Explanation and elaboration: The amyloid precursor protein (APP) has been studied for years and years because one of its breakdown products (the aBeta peptide of around 40 amino acids) is the main constituent of the senile plaque of Alzheimer’s disease. APP is big with from 695 to 770 amino acid proteins formed from the gene (depending on the splice variants chosen).

While still in the cell, APP is broken down by 3 enzymes called secretases (because the breakdown products are secreted). The secretases are alpha, beta and neta. Neta secretase appears to be another name for the very well studied gamma secretase and the term is idiosyncratic being found only in this paper with a Google search turning up nothing (this took me about an hour).

The first cut of APP leading to the abeta peptide occurs within the transmembrane segment of APP and is due to beta secretase action. This produces a (amino terminal) fragment which is subsequently cleaved by gamma secretase to form the aBeta peptide. Cleavage of APP can alternatively occur due to alpha secretase, which prevents subsequent beta secretase cleavage, preventing a beta peptide formation when gamma secretase gets to work on the product. It was a quite logical move to inhibit beta secretase as a potential treatment of Alzheimer’s disease, but it hasn’t worked. The paper under discussion may tell us why.

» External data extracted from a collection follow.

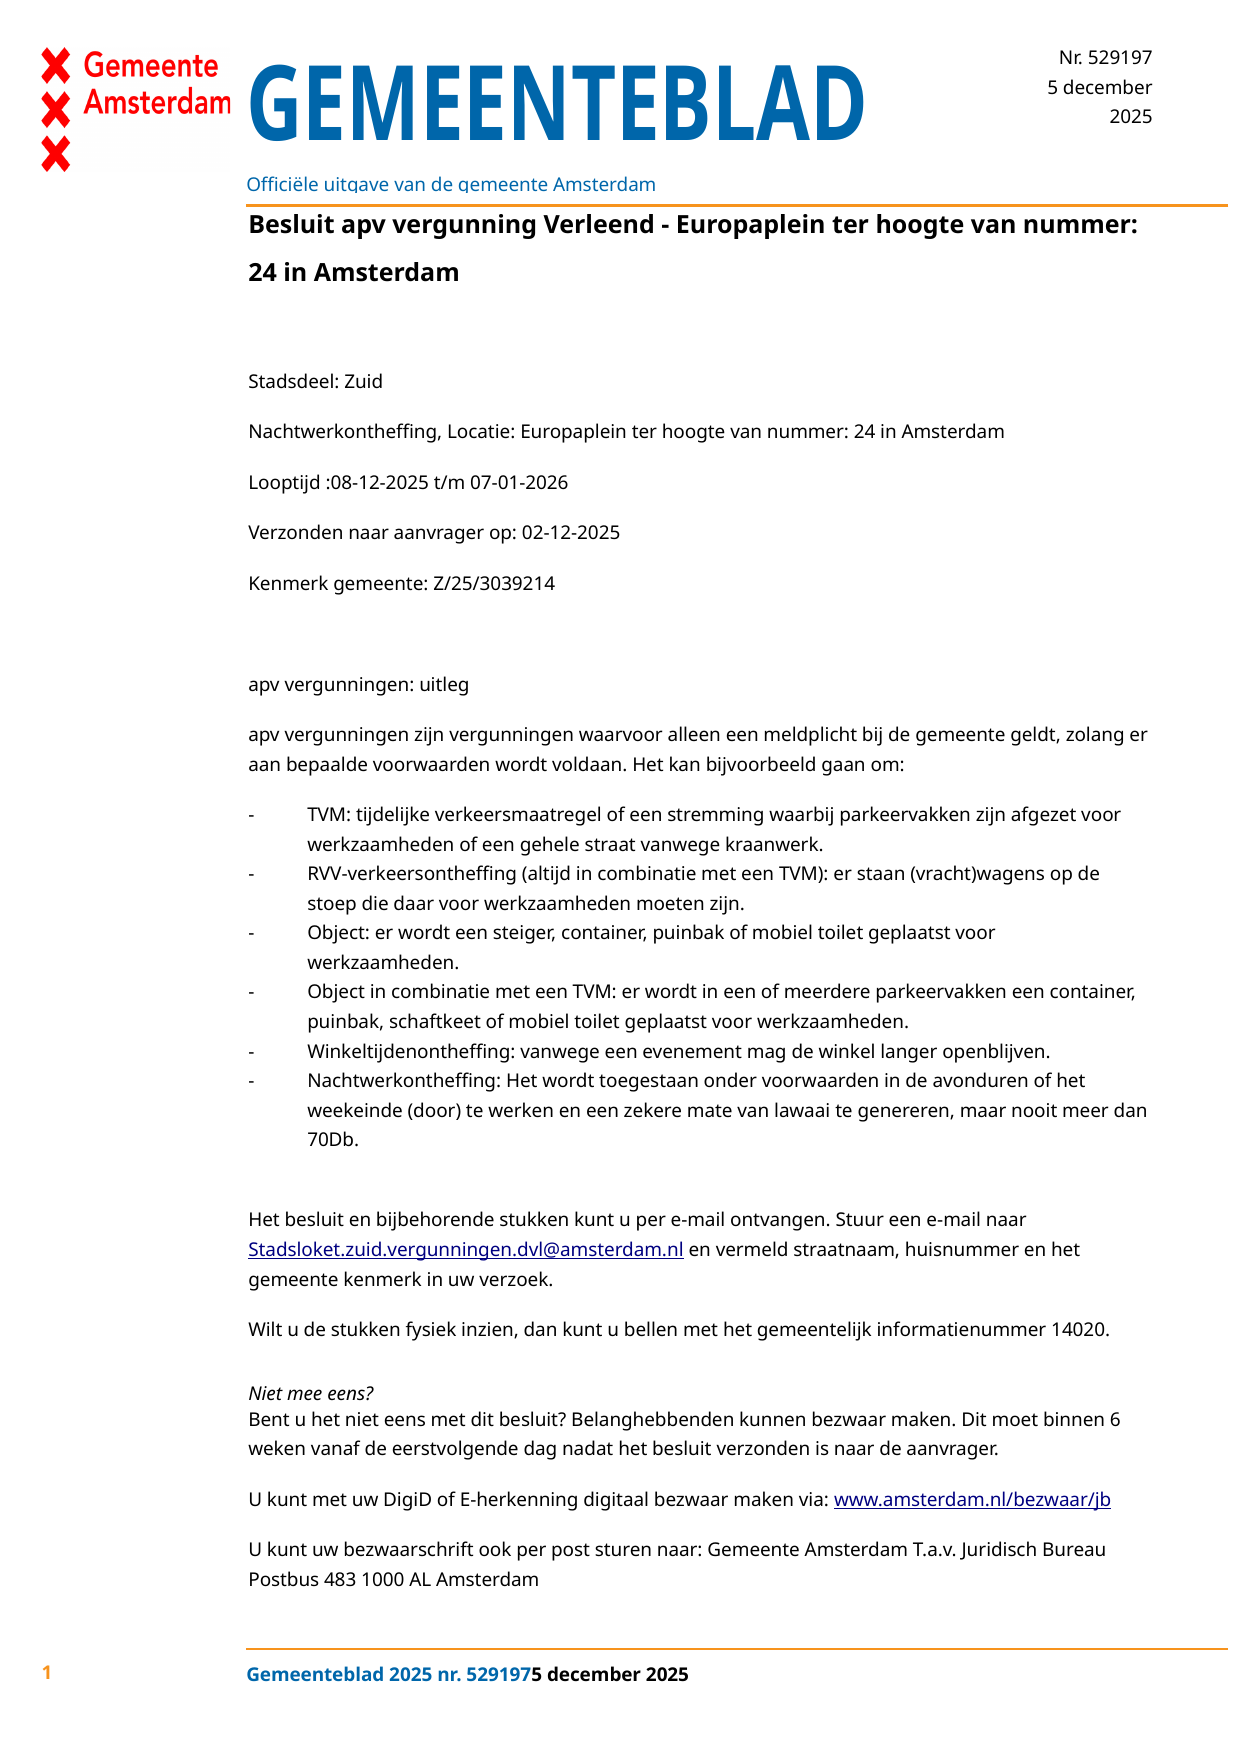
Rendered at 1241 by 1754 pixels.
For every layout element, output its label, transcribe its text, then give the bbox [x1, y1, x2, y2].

text Wilt u de stukken fysiek inzien, dan kunt u bellen met het gemeentelijk informatienummer 14020. [248, 1316, 1152, 1342]
list RVV-verkeersontheffing (altijd in combinatie met een TVM): er staan (vracht)wagens op de stoep die daar voor werkzaamheden moeten zijn. [248, 860, 1152, 916]
list Winkeltijdenontheffing: vanwege een evenement mag de winkel langer openblijven. [248, 1038, 1152, 1064]
text U kunt uw bezwaarschrift ook per post sturen naar: Gemeente Amsterdam T.a.v. Juridisch Bureau Postbus 483 1000 AL Amsterdam [248, 1536, 1152, 1592]
list TVM: tijdelijke verkeersmaatregel of een stremming waarbij parkeervakken zijn afgezet voor werkzaamheden of een gehele straat vanwege kraanwerk. [248, 801, 1152, 857]
text Bent u het niet eens met dit besluit? Belanghebbenden kunnen bezwaar maken. Dit moet binnen 6 weken vanaf de eerstvolgende dag nadat het besluit verzonden is naar de aanvrager. [248, 1406, 1152, 1461]
list Nachtwerkontheffing: Het wordt toegestaan onder voorwaarden in de avonduren of het weekeinde (door) te werken en een zekere mate van lawaai te genereren, maar nooit meer dan 70Db. [248, 1067, 1152, 1152]
list Object in combinatie met een TVM: er wordt in een of meerdere parkeervakken een container, puinbak, schaftkeet of mobiel toilet geplaatst voor werkzaamheden. [248, 979, 1152, 1034]
text Het besluit en bijbehorende stukken kunt u per e-mail ontvangen. Stuur een e-mail naar Stadsloket.zuid.vergunningen.dvl@amsterdam.nl en vermeld straatnaam, huisnummer en het gemeente kenmerk in uw verzoek. [248, 1207, 1152, 1292]
text Nachtwerkontheffing, Locatie: Europaplein ter hoogte van nummer: 24 in Amsterdam [248, 419, 1152, 444]
text Verzonden naar aanvrager op: 02-12-2025 [248, 519, 1152, 545]
text Looptijd :08-12-2025 t/m 07-01-2026 [248, 469, 1152, 495]
picture [41, 47, 231, 172]
text apv vergunningen zijn vergunningen waarvoor alleen een meldplicht bij de gemeente geldt, zolang er aan bepaalde voorwaarden wordt voldaan. Het kan bijvoorbeeld gaan om: [248, 721, 1152, 777]
text Niet mee eens? [248, 1380, 1152, 1406]
text Stadsdeel: Zuid [248, 368, 1152, 394]
text Kenmerk gemeente: Z/25/3039214 [248, 570, 1152, 596]
text U kunt met uw DigiD of E-herkenning digitaal bezwaar maken via: www.amsterdam.nl/bezwaar/jb [248, 1486, 1152, 1512]
list Object: er wordt een steiger, container, puinbak of mobiel toilet geplaatst voor werkzaamheden. [248, 919, 1152, 975]
text Besluit apv vergunning Verleend - Europaplein ter hoogte van nummer: 24 in Amsterdam [248, 207, 1152, 288]
text apv vergunningen: uitleg [248, 671, 1152, 697]

Onward and upward to NMDAR, one of the many (18 genes) receptors for glutamic acid, the main excitatory neurotransmitter used in the brain. NMDARs are tetramers of these gene products. Activation of NMDARs also requires binding of one of two other transmitters (D-serine, glycine) to a site different than the glutamic acid binding site. There is plenty of room for multiple binding sites. The tetramer contains over 3,400 amino acids. NMDAR activation also requires membrane depolarization (to relieve a Magnesium ion blocking the ion channel of NMNDAR) making it a Hebbian coincidence detector, and many experiments have shown that NMDARs are crucial for the best neurophysiologic model of learning we have (Long Term Potentiation, aka LTP).

Well, usually activation of an ion channel means opening the channel so ions flow across the neuronal cell membrane in which the channel is embedded. This is where Neuron vol. 112, pp. 2708 – 2720 ’24 gets interesting. The paper describes evidence that NMDARs can produce synapse depression and spine shrinkage, completely independently of their ability to conduct ions.

Moreover, the paper describes a culprit shutting down ion conduction of NMDAR, namely a 108 amino acid product of APP cleavage called AETA (A neta) by Secretase neta (whatever that is). AETA competes with coAgonists D-serine and glycine for their binding site. 108 amino acids is a large enough protein to bring two intracellular tails of two of the proteins making up the tetramer together shutting down ion conduction.

The paper shows that production of AETA increases as neuronal activity increases, making it a brake on excessive neuronal activity and excitotoxic cell death.

The best laid plans of mice and men department. Recall that inhibiting beta-secretase seemed like a logical way to treat Alzheimer’s (it decreased aBeta peptide production). This work shows that another side effect of beta-secretase (BACE1) inhibition is increased AETA levels. It also notes that increased AETA levels cause synapses to shrink and promotes long term depression (LTD), the opposite of memory formation; just what Alzheimer’s disease brains don’t need. The mechanism by which this happens isn’t known at present. Finding out just what the mechanism is and figuring out ways to inhibit it might be a way to treat Alzheimer’s disease.

Even better, NMDAR function has been ‘implicated’ (a weasel word if there ever was one implying accusation without proof) in just about every neurodegeneration known. This implies that AETA production and its effects on NMDARs should be studied in all neurodegenertions.

So this paper is really a blockbuster giving us a new way to look at neurodegeneration, something desperately needed given our minimal therapeutic progress so far.